15.22.       The analysis of the provisions of the CPC and their applications in court proceedings reveal the following:
1) the present Russian criminal court procedure lacks any proceeding which allows objectively and impartially to verify a claim of  tortures made by a participant of  a criminal lawsuit, to establish the fact of tortures and to recognize the corresponding evidence inadmissible on the basis of the facts that are indicative of high probability of tortures;
2) the present procedure of adjudging claims of tortures is quite formal and ineffective, it doesn’t comply with article 15 of the Convention,  because within the framework of this procedure the final court decision after the scrutinizing the claim of tortures is fully predetermined  by the attitude of the prosecution, which caries out criminal prosecution of the defendant and supports the official prosecution, consequently the stated attitude of the Prosecution to the defendant in the matter of tortures implementation cannot be objective and impartial;
3) the special rules of law of the Russian Federation Criminal Procedure Code which define the admissibility of evidence by the sense assigned to them by the legal procedure, do not add to this procedure sufficient security accreditation for the proper fulfillment of the requirements of article 15 of the Convention.
 


[1] There is not a single case known to the drafters of this report when the defendant’s claim of tortures was pleaded valid after the investigation done by the prosecutor’s office and accordingly a decree for initiation of a criminal cause was issued and the investigation of the tortures on the record started.
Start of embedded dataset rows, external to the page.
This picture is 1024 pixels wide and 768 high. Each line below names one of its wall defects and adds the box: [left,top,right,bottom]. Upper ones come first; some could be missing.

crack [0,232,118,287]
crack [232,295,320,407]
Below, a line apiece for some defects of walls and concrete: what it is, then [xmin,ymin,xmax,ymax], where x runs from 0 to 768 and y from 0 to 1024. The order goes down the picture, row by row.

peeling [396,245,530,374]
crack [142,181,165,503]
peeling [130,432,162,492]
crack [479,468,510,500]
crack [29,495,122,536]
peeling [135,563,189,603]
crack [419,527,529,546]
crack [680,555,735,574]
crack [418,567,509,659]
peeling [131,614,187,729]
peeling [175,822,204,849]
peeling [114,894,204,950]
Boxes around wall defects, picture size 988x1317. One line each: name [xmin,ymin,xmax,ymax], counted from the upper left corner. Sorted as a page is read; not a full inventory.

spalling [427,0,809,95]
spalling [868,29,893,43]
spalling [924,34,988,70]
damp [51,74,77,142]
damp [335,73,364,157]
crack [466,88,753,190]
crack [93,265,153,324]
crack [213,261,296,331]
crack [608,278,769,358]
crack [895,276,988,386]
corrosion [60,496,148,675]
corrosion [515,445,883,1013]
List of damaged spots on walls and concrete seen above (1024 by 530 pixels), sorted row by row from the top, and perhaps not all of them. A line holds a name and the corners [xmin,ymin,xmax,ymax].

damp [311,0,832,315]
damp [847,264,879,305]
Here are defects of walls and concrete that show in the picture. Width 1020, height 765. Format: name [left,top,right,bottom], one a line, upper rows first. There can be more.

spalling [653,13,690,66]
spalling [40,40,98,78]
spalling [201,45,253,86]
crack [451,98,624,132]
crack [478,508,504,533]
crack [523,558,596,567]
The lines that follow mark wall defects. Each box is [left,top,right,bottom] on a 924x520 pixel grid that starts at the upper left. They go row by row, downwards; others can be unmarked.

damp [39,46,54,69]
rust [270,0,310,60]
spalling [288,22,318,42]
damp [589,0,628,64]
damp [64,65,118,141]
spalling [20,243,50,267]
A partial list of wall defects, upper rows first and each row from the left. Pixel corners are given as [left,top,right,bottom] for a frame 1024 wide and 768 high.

It’s also noteworthy that there is no information about suchlike cases in the Russian Federation 
Periodic Report of the Convention Observance. The main drawbacks of the inspections done by the law enforcement agencies addressing claims of tortures are treated the Article 13 of the Report of Russian Non-governmental Organizations.
[2] The evidence of such interpretation  and application of this rule about the inadmissibility of the evidence received upon violation of the Russian Federation Criminal Procedure Code in courts, and of the support of this approach by the Supreme court of the Russian Federation can be found in one of the issues of the official edition “The Bulletin of the Supreme Court of the Russian Federation // Bulletin of the Supreme court of the Russian Federation. 2004, № 8, page 27.